Sample purity and stability are crucial elements of successful biochemical and structural studies. In the context of pharmaceutical production, the purity of proteins is of particular importance, especially with the increasing prevalence of biologic drugs, such as therapeutic antibodies.
Mass photometry rapidly assesses sample heterogeneity at a single molecule level, using minimal volumes of sample and in a matter of minutes. Mass distributions obtained with mass photometry provide direct information about existing species in your sample, and knowledge of variations due to changing conditions can inform sample optimisation.

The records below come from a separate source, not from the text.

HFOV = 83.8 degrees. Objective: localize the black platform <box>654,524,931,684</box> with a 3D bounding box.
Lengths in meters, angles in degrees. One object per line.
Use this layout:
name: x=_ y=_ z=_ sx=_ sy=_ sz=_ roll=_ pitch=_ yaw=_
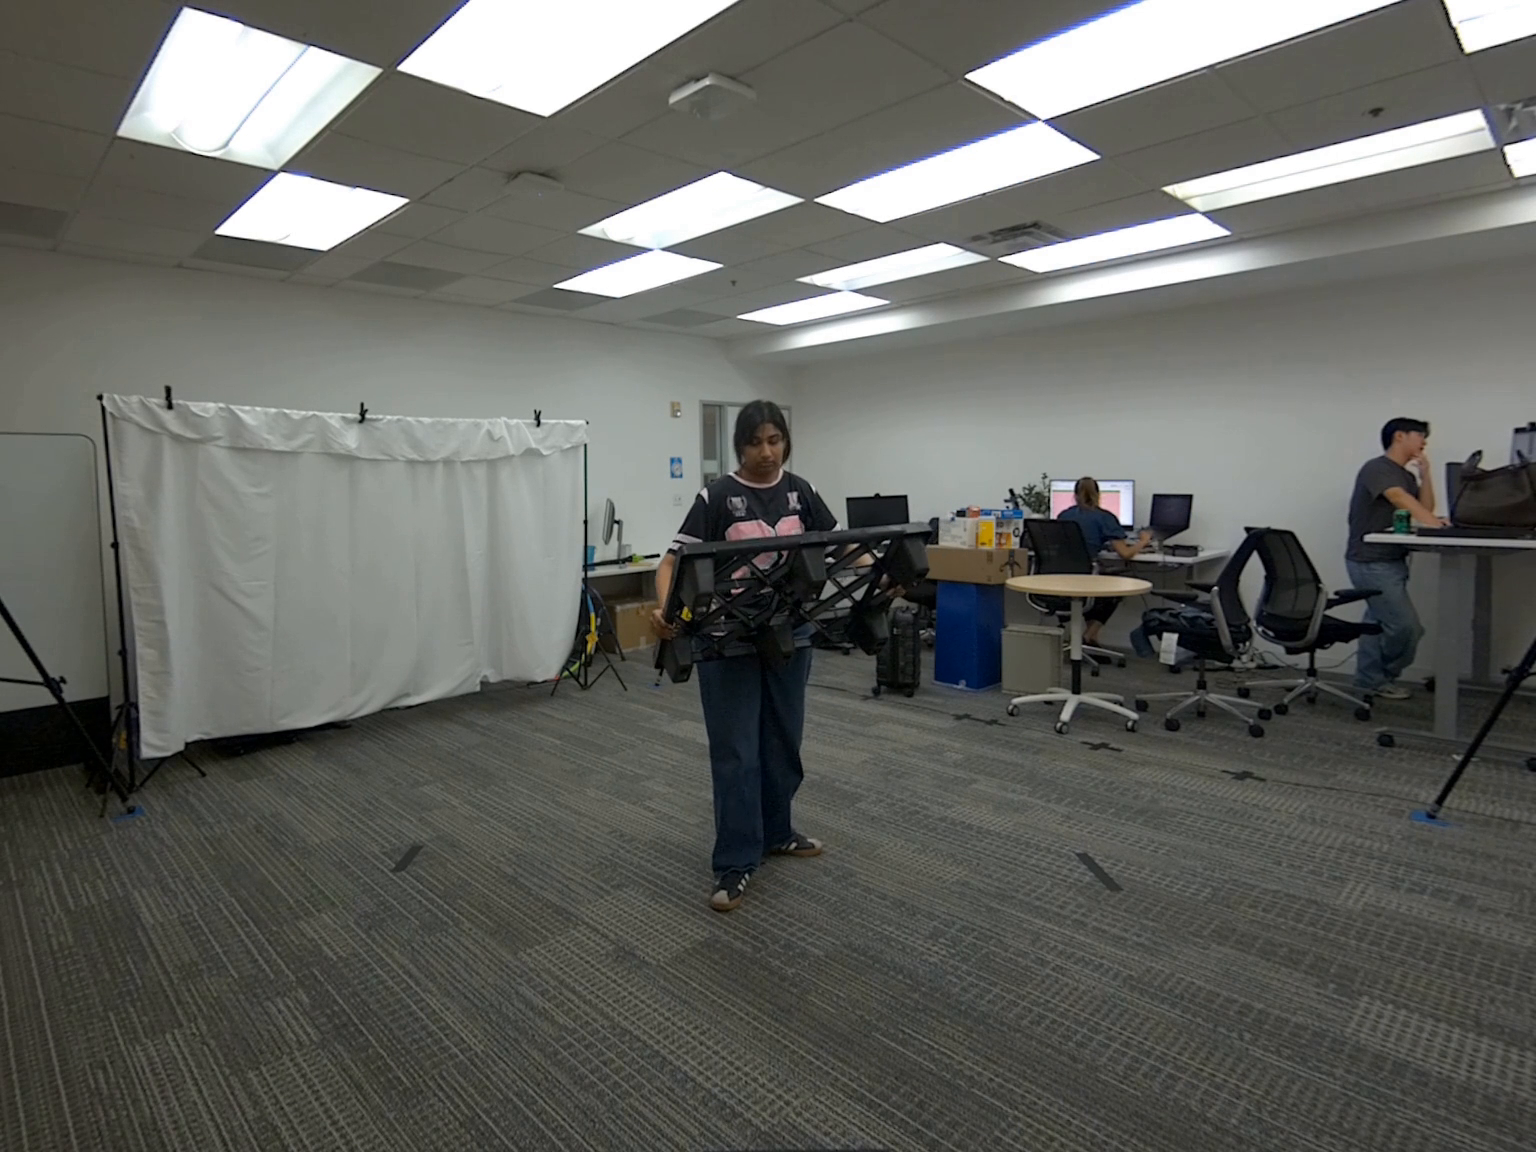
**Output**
black platform: x=0.077 y=0.113 z=2.651 sx=0.793 sy=0.148 sz=0.594 roll=-6 pitch=-38 yaw=-19

Mass photometry offers a new way to assess the quality of biotherapeutics such as antibodies. Figure 1 presents the mass distribution of NISTmAb (a humanised IgG1κ monoclonal antibody) and its degradation after a period of long-term storage at +4 °C, as observed using the OneMP and DiscoverMP software.
Apoferritin vs holoferritin
Apoferritin (ApoF) is a globular protein complex consisting of 24 protein subunits forming a nanocage. In the presence of iron, ApoF interacts with multiple ions, forming a complex called holoferritin or simply ferritin. Each molecule of ferritin can store thousands of iron (Fe3+) ions, which shifts its mass distribution. The difference between the tightly peaked apoferritin mass distribution and the broad mass distribution of ferritin with an iron core, can be seen in Figure 2.
Mass photometry is universally applicable, since all molecules scatter light, irrespective of whether they are composed of amino acids, lipids, nucleic acids or carbohydrates.
Figure 3 illustrates the mass distribution of a standard DNA ladder that was measured with mass photometry and used as a calibrant to determine the mass of a 2,686 bp (~1.8 MDa) DNA plasmid (pUC18).
Quantifying the heterogeneity of macromolecular machines by mass photometry
Sonn-Segev et al., Nature Communications 2020
A recent study in which mass photometry was used in workflows involving multi-step purification processes and chemical crosslinking. Results on various systems, including respiratory complex I, anaphase-promoting complex, proteasomes and cohesin, illustrate the unique advantages of mass photometry for rapid sample characterisation, prioritisation and optimisation.
Mass Photometry of Membrane Proteins
Olerinyova et al., Chem 2021
This publication shows examples of mass photometry being applied to samples containing either detergents, amphipols or nanodiscs, paving the way for the characterisation of samples of membrane proteins.